The two I actually use are a 12oz Espro and a 350ml Motta with the spout. No real idea why I get on better with one sometimes and the other others. They need very different techniques to get a good swirl going. I suspect it's the introducing air stage that's giving me trouble. Never quite sure how much is enough and how quickly to introduce it.


----------



## DoubleShot (Apr 23, 2014)

@Rob666

That is so uncanny. I have five jugs including, like yourself, a 12oz Espro Toroid 2 and a Motta Europa 350ml. I alternate between those two the most. Some days I can manage 'okay' texturing with one, another day it's total rubbish. So I switch to the other jug and vice versa. Clearly it's a technique problem not the jugs, lol!


----------



## Jon (Dec 3, 2010)

I've got 4 I could use for making single drinks now - 2 12oz cheap as chips ebay nasty that I can do pretty good milk in - and 2 Motta jugs that I clearly need practice with. A 350 and a 210. The quality of these is in a totally different league to the others.


----------



## johnealey (May 19, 2014)

3 Motta Europa as per sig and use them all daily (500 and 750 have temp tags on)
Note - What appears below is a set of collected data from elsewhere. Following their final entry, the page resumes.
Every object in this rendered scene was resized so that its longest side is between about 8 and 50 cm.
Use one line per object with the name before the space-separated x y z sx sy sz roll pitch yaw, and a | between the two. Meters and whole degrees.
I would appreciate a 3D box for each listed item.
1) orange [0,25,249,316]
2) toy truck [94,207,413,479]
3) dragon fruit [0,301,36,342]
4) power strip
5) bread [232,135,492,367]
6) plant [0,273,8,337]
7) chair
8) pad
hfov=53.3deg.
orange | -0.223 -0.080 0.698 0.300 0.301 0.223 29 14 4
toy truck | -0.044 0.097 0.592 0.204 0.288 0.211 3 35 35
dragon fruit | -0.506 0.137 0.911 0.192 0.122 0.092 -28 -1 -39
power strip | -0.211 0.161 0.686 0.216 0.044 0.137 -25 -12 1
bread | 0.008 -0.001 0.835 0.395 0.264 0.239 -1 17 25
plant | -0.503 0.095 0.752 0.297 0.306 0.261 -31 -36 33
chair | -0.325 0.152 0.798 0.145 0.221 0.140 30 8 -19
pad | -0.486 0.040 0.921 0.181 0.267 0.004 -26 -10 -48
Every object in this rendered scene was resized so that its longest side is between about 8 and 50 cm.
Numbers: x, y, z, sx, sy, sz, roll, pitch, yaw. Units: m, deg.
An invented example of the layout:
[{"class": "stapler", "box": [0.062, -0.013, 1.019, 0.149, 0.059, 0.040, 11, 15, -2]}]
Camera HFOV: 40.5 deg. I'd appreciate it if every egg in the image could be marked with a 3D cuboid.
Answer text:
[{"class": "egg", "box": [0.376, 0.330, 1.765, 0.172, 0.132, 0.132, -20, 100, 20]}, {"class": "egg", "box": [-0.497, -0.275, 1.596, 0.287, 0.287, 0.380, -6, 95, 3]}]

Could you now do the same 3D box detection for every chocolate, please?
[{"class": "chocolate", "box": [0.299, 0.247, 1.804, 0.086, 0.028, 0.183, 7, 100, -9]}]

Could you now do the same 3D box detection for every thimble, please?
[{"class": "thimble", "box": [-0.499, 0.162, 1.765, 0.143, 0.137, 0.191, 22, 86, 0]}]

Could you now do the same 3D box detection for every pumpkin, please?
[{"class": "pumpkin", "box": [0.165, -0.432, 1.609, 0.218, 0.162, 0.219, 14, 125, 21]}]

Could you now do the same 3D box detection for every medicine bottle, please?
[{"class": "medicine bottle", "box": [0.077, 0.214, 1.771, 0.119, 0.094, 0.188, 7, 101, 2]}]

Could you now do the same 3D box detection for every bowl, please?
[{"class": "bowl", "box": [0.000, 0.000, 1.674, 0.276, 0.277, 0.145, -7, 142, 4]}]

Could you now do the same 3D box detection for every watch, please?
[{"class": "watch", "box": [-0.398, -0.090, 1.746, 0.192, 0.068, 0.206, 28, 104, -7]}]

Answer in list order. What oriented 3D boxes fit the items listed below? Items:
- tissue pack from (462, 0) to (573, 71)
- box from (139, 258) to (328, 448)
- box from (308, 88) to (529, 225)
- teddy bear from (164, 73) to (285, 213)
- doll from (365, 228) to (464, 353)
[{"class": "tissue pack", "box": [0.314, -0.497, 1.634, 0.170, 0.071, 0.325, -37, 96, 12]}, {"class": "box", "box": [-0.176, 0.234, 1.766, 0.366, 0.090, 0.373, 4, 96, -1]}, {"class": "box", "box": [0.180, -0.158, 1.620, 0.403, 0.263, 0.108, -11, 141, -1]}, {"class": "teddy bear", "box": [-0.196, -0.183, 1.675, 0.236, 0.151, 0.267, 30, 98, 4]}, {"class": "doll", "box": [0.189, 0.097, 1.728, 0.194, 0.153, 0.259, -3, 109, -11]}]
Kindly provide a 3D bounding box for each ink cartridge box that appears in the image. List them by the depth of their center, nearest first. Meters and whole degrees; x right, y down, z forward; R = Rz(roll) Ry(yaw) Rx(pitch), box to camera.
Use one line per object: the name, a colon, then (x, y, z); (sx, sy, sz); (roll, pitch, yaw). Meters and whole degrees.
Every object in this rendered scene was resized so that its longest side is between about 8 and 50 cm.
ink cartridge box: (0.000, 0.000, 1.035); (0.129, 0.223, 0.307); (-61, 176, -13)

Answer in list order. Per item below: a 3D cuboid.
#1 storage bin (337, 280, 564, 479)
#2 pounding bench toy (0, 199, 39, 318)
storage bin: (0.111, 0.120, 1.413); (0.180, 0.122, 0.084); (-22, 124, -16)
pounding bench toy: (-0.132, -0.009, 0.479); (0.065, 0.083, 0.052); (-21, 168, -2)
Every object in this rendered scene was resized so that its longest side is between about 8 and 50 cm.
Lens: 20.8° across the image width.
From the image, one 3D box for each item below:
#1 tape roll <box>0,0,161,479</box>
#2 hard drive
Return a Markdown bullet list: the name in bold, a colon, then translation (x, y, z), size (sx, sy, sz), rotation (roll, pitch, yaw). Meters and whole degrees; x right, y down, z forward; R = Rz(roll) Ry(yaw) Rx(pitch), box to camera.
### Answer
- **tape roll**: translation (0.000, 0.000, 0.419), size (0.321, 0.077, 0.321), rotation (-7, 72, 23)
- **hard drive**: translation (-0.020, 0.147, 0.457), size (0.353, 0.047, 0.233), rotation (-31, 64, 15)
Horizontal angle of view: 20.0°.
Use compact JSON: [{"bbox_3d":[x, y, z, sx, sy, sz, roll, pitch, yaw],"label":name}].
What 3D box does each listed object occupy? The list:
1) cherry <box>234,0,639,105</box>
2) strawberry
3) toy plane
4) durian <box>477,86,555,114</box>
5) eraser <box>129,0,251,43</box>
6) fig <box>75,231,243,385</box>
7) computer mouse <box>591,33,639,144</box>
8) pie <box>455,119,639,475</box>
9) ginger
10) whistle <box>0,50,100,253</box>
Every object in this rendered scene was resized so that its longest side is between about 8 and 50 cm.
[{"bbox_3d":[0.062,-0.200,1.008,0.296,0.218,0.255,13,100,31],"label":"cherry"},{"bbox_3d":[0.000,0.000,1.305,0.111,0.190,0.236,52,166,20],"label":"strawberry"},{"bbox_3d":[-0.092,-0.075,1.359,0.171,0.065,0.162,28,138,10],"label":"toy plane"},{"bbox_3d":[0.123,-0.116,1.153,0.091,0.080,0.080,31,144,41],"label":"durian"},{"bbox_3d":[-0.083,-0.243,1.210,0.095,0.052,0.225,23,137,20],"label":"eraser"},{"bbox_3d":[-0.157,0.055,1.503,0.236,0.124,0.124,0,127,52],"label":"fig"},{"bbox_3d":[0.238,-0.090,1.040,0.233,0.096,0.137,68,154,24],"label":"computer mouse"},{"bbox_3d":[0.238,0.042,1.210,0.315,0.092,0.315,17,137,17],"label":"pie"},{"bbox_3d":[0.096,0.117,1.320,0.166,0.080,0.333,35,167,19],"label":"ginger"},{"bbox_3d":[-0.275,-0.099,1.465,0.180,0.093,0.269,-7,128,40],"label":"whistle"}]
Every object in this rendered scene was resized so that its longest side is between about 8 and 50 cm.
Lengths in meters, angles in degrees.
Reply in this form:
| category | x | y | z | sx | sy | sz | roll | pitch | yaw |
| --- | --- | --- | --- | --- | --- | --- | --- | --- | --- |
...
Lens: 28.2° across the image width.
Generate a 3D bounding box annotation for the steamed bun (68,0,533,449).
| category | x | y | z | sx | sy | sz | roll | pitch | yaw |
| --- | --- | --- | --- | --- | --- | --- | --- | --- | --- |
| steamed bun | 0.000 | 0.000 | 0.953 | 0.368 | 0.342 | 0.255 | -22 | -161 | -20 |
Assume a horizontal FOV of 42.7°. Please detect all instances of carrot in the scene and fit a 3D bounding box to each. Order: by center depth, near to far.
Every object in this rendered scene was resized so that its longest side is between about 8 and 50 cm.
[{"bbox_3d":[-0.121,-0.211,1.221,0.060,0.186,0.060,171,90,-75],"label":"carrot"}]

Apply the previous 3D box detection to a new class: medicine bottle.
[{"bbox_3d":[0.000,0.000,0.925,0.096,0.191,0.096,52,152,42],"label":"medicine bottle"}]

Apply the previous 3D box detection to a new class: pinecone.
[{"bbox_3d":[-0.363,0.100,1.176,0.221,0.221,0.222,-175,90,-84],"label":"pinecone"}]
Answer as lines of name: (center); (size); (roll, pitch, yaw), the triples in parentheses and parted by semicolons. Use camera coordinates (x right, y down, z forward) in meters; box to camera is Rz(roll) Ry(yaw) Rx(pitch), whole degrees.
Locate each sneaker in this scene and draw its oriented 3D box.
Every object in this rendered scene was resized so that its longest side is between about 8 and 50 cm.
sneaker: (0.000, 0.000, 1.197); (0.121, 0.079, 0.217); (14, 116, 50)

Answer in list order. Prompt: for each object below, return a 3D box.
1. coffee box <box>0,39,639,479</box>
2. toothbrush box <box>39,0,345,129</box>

Did have a cheap Ikea one early on but this got "damaged" just before went on a Motta spending spree....

John


----------



## Jumbo Ratty (Jan 12, 2015)

Just the one, an ILSA, but it has no spout.

I bent a spout shape into an empty baked bean tin and used that to see if a spout would be beneficial and can see I need a jug with a spout.

Hindsight eh


----------



## Jon (Dec 3, 2010)

I looked at the ilsa ones on maxicoffee but the postage was more than the jug.


----------



## Jumbo Ratty (Jan 12, 2015)

I suggest you dont buy your ILSA milk pitcher from that company then as they will rip you off with their postage charges and doubt that applies to only ILSA milk pitchers


----------



## Jon (Dec 3, 2010)

But the jug was cheap! Besides couldn't find anyone in UK selling them.


----------



## Jumbo Ratty (Jan 12, 2015)

yeah, sorry. My jug costs less than yours


----------



## Jon (Dec 3, 2010)

Jumbo Ratty said:


> yeah, sorry. My jug costs less than yours


No need to apologise!


----------